Doctoral Defense

Towards Low-Latency Computing Services in Heterogeneous Edge Environments

Yu Liu

August 8, 2024
9:30 AM
Light Engineering, Room 250
Advisor:  Yuanyuan Yang

The development of information technologies has facilitated many novel real-time applications, such as autopilot, smart home systems, and virtual reality gaming. These applications require real-time processing and handling of high-volume data. Cloud computing, which involves transmitting high-volume data between end users and the cloud, can result in high latency. Edge computing, which pushes computing power closer to end users, is a promising solution to support such applications. However, providing low-latency computing services in edge environments presents new challenges due to the inherent nature of edge networks, such as resource/energy limitations and device/network heterogeneity.

To minimize service latency in heterogeneous edge environments, this dissertation presents a comprehensive service placement and resource management mechanism. The proposed method is a game-theoretic-based approach with a provable approximation ratio and polynomial time complexity. Additionally, there is a tradeoff between the approximation ratio and the time complexity.

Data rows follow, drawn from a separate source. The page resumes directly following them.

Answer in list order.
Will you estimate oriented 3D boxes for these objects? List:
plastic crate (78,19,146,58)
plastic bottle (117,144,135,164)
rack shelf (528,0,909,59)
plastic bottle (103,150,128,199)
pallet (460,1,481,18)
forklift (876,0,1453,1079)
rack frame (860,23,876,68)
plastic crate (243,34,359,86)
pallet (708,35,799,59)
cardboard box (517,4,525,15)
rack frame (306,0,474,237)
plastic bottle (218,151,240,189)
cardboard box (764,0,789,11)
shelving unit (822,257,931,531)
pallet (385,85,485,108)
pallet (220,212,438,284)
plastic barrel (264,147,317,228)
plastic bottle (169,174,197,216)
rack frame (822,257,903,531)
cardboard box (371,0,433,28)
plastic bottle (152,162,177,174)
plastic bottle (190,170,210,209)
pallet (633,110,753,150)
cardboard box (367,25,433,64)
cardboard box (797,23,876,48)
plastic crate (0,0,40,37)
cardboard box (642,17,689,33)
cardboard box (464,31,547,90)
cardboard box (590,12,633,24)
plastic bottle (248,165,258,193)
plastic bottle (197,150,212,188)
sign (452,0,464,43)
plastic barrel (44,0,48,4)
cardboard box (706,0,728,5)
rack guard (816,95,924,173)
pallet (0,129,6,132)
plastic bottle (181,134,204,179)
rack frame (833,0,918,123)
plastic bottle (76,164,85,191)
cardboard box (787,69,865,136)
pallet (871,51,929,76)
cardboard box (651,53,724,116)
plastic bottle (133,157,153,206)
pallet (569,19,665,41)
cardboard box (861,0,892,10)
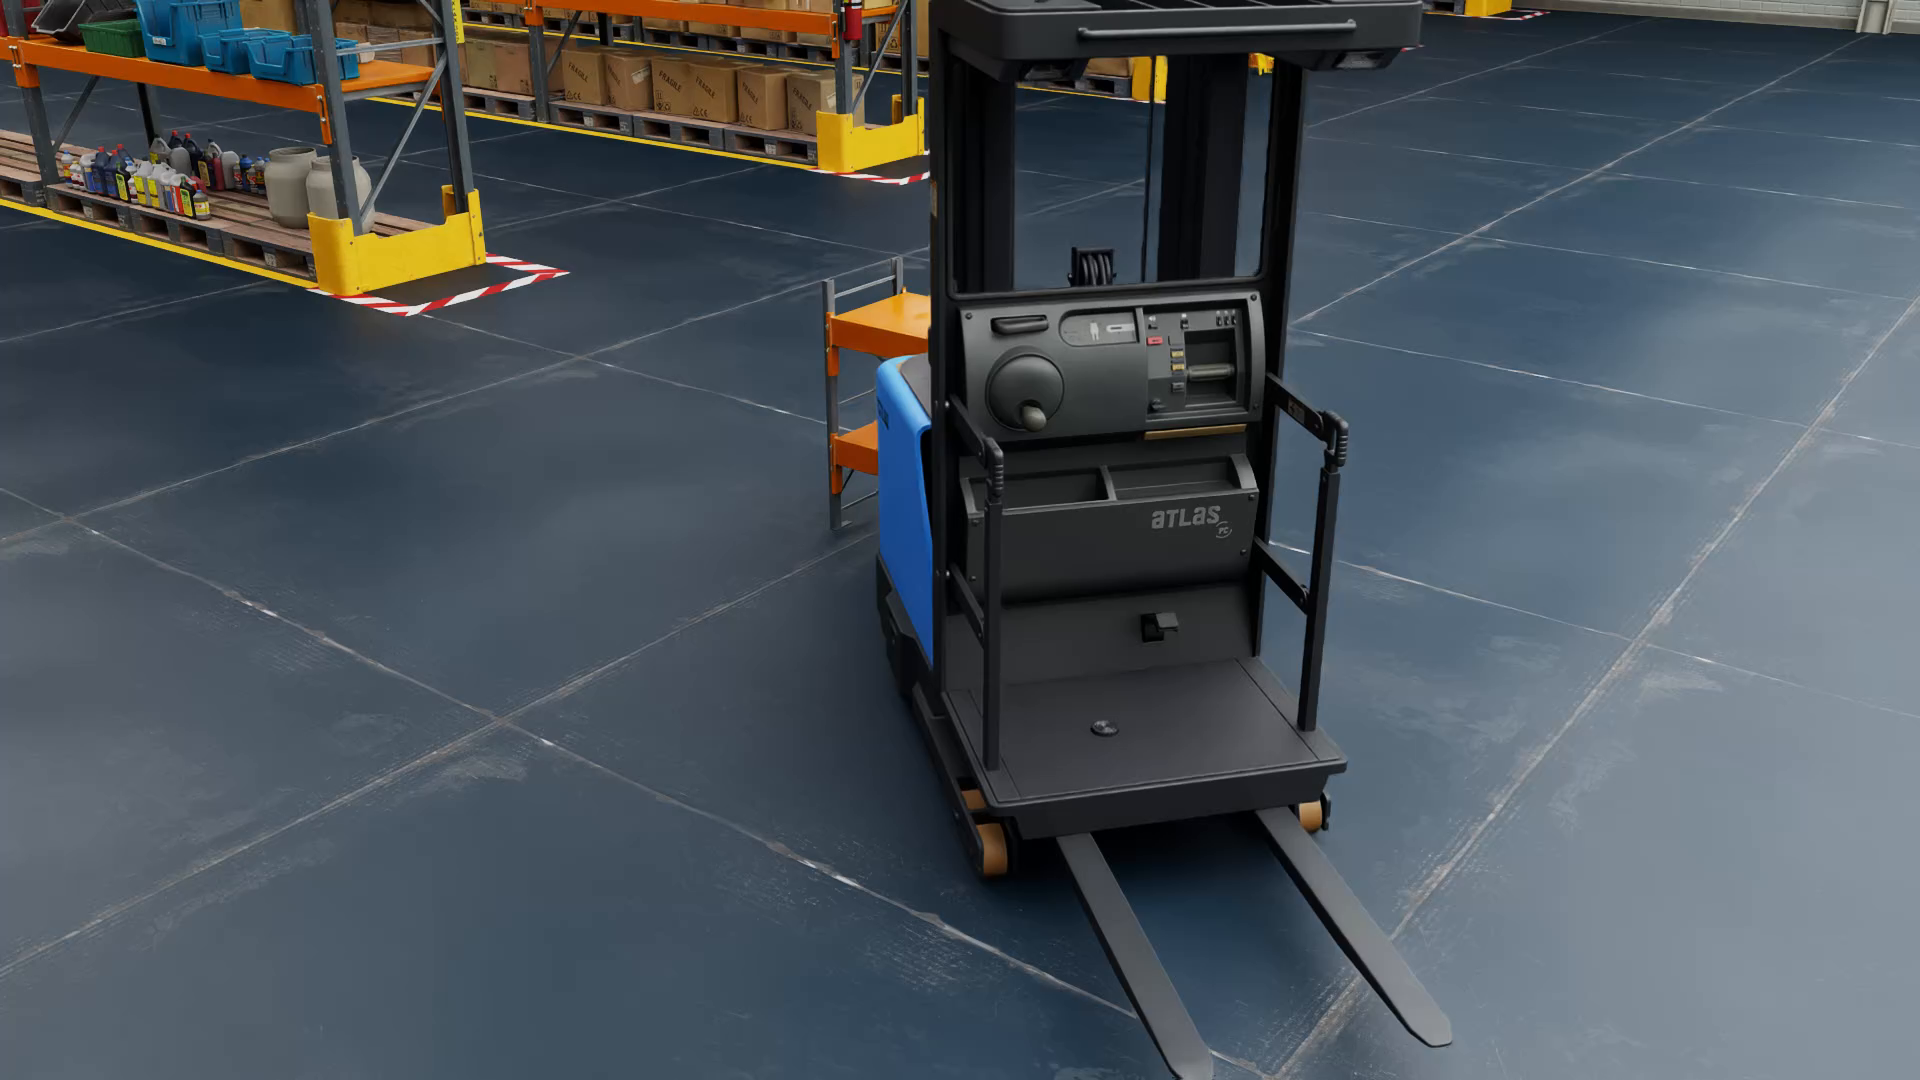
[{"bbox_3d":[-5.985,-3.632,12.036,0.662,0.188,0.450,17,29,33],"label":"plastic crate"},{"bbox_3d":[-6.419,-2.855,12.749,0.185,0.351,0.144,17,29,33],"label":"plastic bottle"},{"bbox_3d":[-2.331,-4.934,15.619,4.000,0.370,1.077,17,29,33],"label":"rack shelf"},{"bbox_3d":[-6.354,-2.763,12.540,0.185,0.351,0.144,15,28,31],"label":"plastic bottle"},{"bbox_3d":[-7.836,-8.132,25.444,1.213,0.211,1.003,17,29,33],"label":"pallet"},{"bbox_3d":[0.511,-0.500,4.750,1.130,2.935,3.031,-5,24,-12],"label":"forklift"},{"bbox_3d":[-0.876,-7.322,20.148,0.127,3.000,1.000,17,29,33],"label":"rack frame"},{"bbox_3d":[-4.282,-3.138,10.835,0.616,0.251,0.499,17,29,33],"label":"plastic crate"},{"bbox_3d":[-2.519,-6.503,21.748,1.213,0.211,1.003,17,29,33],"label":"pallet"},{"bbox_3d":[-5.994,-7.791,23.792,0.500,0.500,0.500,17,29,34],"label":"cardboard box"},{"bbox_3d":[-3.702,-3.181,10.750,0.127,3.000,1.000,17,29,33],"label":"rack frame"},{"bbox_3d":[-5.674,-2.875,12.888,0.135,0.276,0.152,17,29,34],"label":"plastic bottle"},{"bbox_3d":[-1.513,-4.771,14.670,0.250,0.149,0.380,17,29,33],"label":"cardboard box"},{"bbox_3d":[-0.005,-0.516,7.027,1.048,1.125,0.538,17,29,33],"label":"shelving unit"},{"bbox_3d":[-5.536,-4.953,18.229,1.213,0.211,1.003,17,29,33],"label":"pallet"},{"bbox_3d":[-4.437,-2.106,11.769,1.213,0.211,1.003,17,29,33],"label":"pallet"},{"bbox_3d":[-4.675,-2.490,11.747,0.421,0.512,0.421,0,24,0],"label":"plastic barrel"},{"bbox_3d":[-5.619,-2.508,12.055,0.135,0.276,0.152,17,29,34],"label":"plastic bottle"},{"bbox_3d":[-0.412,-0.639,7.306,0.032,1.125,0.500,17,29,33],"label":"rack frame"},{"bbox_3d":[-6.148,-5.837,18.402,0.500,0.250,0.500,21,31,39],"label":"cardboard box"},{"bbox_3d":[-5.945,-2.680,12.444,0.135,0.276,0.152,17,29,33],"label":"plastic bottle"},{"bbox_3d":[-5.556,-2.546,12.132,0.133,0.283,0.061,17,29,33],"label":"plastic bottle"},{"bbox_3d":[-2.393,-4.024,16.122,1.213,0.211,1.003,17,29,33],"label":"pallet"},{"bbox_3d":[-6.133,-5.486,18.534,0.500,0.500,0.700,14,27,29],"label":"cardboard box"},{"bbox_3d":[-1.427,-6.606,20.792,0.750,0.750,1.050,17,29,33],"label":"cardboard box"},{"bbox_3d":[-7.473,-4.196,12.974,0.583,0.464,0.402,17,29,33],"label":"plastic crate"},{"bbox_3d":[-3.644,-7.276,22.313,0.750,0.750,1.050,16,29,33],"label":"cardboard box"},{"bbox_3d":[-4.781,-5.081,17.615,0.500,0.500,0.700,17,29,33],"label":"cardboard box"},{"bbox_3d":[-4.760,-7.413,22.933,0.500,0.500,0.500,17,29,33],"label":"cardboard box"},{"bbox_3d":[-5.399,-2.772,12.746,0.097,0.201,0.097,0,24,0],"label":"plastic bottle"},{"bbox_3d":[-5.843,-2.880,12.890,0.133,0.283,0.061,17,29,33],"label":"plastic bottle"},{"bbox_3d":[-3.368,-3.484,11.094,0.005,0.325,0.100,17,29,33],"label":"sign"},{"bbox_3d":[-7.030,-4.569,13.278,0.708,0.901,0.600,17,29,33],"label":"plastic barrel"},{"bbox_3d":[-2.093,-4.963,15.106,0.250,0.149,0.380,17,29,33],"label":"cardboard box"},{"bbox_3d":[-0.792,-3.654,14.922,0.348,0.500,1.175,17,29,33],"label":"rack guard"},{"bbox_3d":[-9.506,-3.640,15.249,1.213,0.211,1.003,17,29,33],"label":"pallet"},{"bbox_3d":[-6.061,-3.028,13.143,0.185,0.351,0.144,15,28,31],"label":"plastic bottle"},{"bbox_3d":[-0.731,-4.779,14.377,0.127,3.000,1.000,17,29,33],"label":"rack frame"},{"bbox_3d":[-6.747,-2.801,12.813,0.097,0.201,0.097,0,24,0],"label":"plastic bottle"},{"bbox_3d":[-1.221,-3.984,15.151,0.500,0.500,0.500,-20,31,-38],"label":"cardboard box"},{"bbox_3d":[-0.315,-5.837,20.236,1.213,0.211,1.003,17,29,33],"label":"pallet"},{"bbox_3d":[-2.629,-4.424,16.150,0.500,0.500,0.500,14,27,29],"label":"cardboard box"},{"bbox_3d":[-6.014,-2.660,12.307,0.185,0.351,0.144,17,29,33],"label":"plastic bottle"},{"bbox_3d":[-4.701,-7.203,23.336,1.213,0.211,1.003,17,29,33],"label":"pallet"},{"bbox_3d":[-0.816,-4.810,14.758,0.250,0.149,0.380,17,29,33],"label":"cardboard box"}]

Building on the game-theoretic-based approach, the dissertation introduces a deep-learning-assisted service placement and resource management approach to enable fast decision-making for critical applications requiring low decision-making time, like telemedicine and autopilot. This approach leverages a deep neural network to
approximate the game-theoretic-based method.

Furthermore, this dissertation explores energy-aware edge computing to balance overall service latency and energy consumption. A stochastic approach is developed to minimize service latency while adhering to a time-average energy cost budget, offering a provable performance guarantee under non-stationary system states.